Craniofacial Anomalies Team
The craniofacial anomalies team is an interdisciplinary clinical team comprised of Genetics, Plastic Surgery, Physical Therapy, Speech Pathology, Audiology, Dentistry, Psychiatry, Neurosurgery, Otolaryngology and Nursing. Our primary goal is to improve the health outcomes for patients with craniofacial abnormalities, such as cleft lip and palate. We held our first Cincinnati Children’s Craniofacial Research Symposium on January 26, 2012. This symposium brought together researchers in the Divisions of Biomedical Informatics, Developmental Biology, Human Genetics, Plastic Surgery, and clinicians in the Cincinnati Children's Craniofacial Anomalies Team.
Neonatal Skin Development
Marty Visscher, PhD, is currently studying premature infants who lack vernix caseosa, have an incompetent skin barrier and who are predisposed to infection. She studies ontogeny of stratum corneum barrier development in premature infants as a function of gestational age, over time, and compared to full term infants. To do this, Visscher uses quantitative measures of barrier integrity, hydration, pH, and collection of skin surface samples to determine lipid composition, stratum corneum structural proteins and specific cytokines. Visscher collaborates with researchers from Johns Hopkins University on a parallel study on the effect of topical massage oils on neonatal skin integrity.
Quantitative Skin Imaging and Analysis
Visscher studies multiple imaging modalities to characterize the disease/healing processes and treatment for skin conditions including hemangiomas, pressure ulcers and burn scars. Affected sites are evaluated with high resolution color imaging, thermal imaging (static, dynamic), three dimensional surface scans (3dMD Medical Imaging System), and biomechanical properties and compared with clinical assessments. We continue to investigate causes and evaluate interventions to reduce skin compromise.
Research Projects and Collaborations
Samantha Brugmann, PhD, studies the function of primary cilia in craniofacial development. Using both avian and murine model systems, her laboratory is examining how loss of ciliary proteins affects neural crest cell development. This work is supported by an R00 from the National Institute of Dental and Craniofacial Research (NIDCR) and a Trustees grant from Cincinnati Children’s.
The lab interest in cilia has also extended into a more translational direction. Working with the laboratory of Rolf Stottmann, PhD, in the Division of Human Genetics, the Brugmann lab uses next generation sequencing technology to identify genetic variants in three families with ciliopathic features here at Cincinnati Children’s. The goal of this project is to identify novel, ciliary genes responsible for human disease. This work is funded by a Pilot grant from Cincinnati Children’s.
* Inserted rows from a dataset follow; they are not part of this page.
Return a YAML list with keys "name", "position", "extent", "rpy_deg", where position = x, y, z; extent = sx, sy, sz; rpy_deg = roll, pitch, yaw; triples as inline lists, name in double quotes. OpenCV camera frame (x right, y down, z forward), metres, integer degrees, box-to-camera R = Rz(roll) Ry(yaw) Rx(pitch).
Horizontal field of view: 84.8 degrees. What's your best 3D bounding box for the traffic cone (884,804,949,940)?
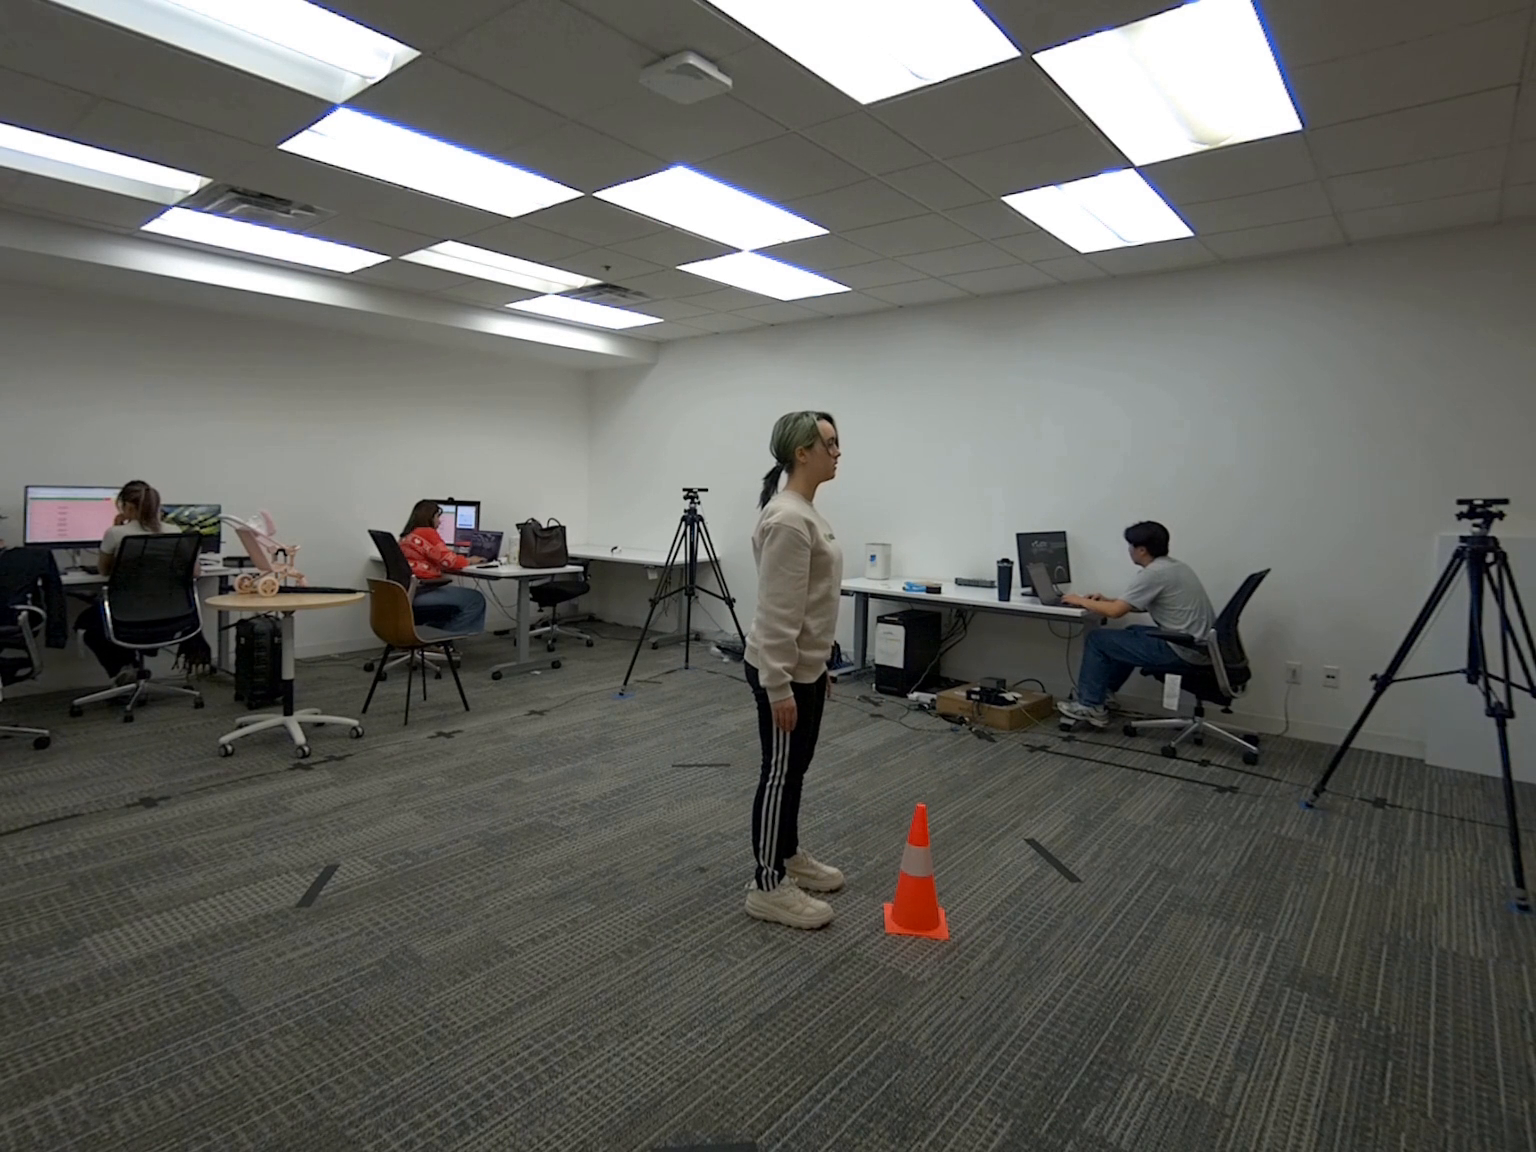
- name: "traffic cone"
  position: [0.477, 0.934, 2.769]
  extent: [0.205, 0.383, 0.203]
  rpy_deg: [1, 2, 1]
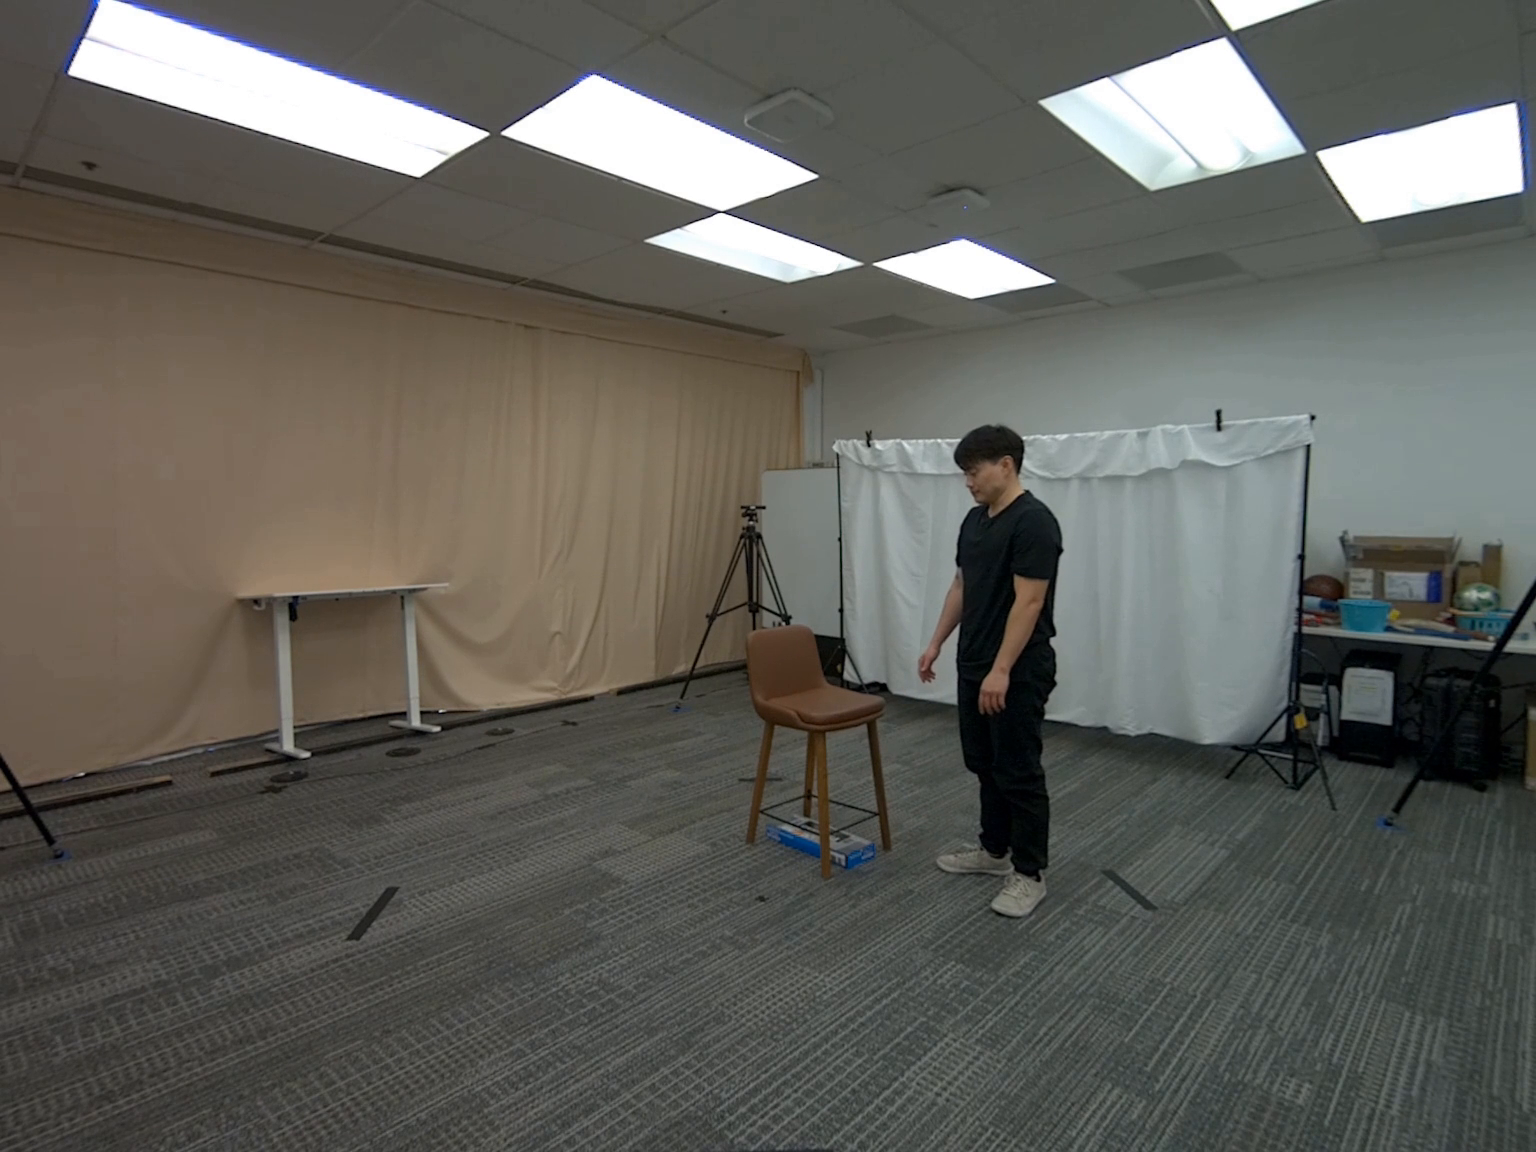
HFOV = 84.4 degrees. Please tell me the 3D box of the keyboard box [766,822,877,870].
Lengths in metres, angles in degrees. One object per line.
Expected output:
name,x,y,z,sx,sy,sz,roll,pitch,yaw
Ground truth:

Brugmann collaborates with Jim Wells, PhD, Division of Developmental Biology, on a project designed to engineer human intestinal organoids innervated with a neural crest-derived enteric nervous system. This work is funded by a U18 grant from the National Center for Advancing Translational Sciences.
Brugmann welcomed post-doctoral fellow Ching-Fang Chang to the lab in March 2012.
Christopher Gordon, MD, and visiting research scientist Armando Uribe-Rivera, in collaboration with Bruce Aronow, PhD, are investigating the role of microRNAs as master controllers of craniofacial development.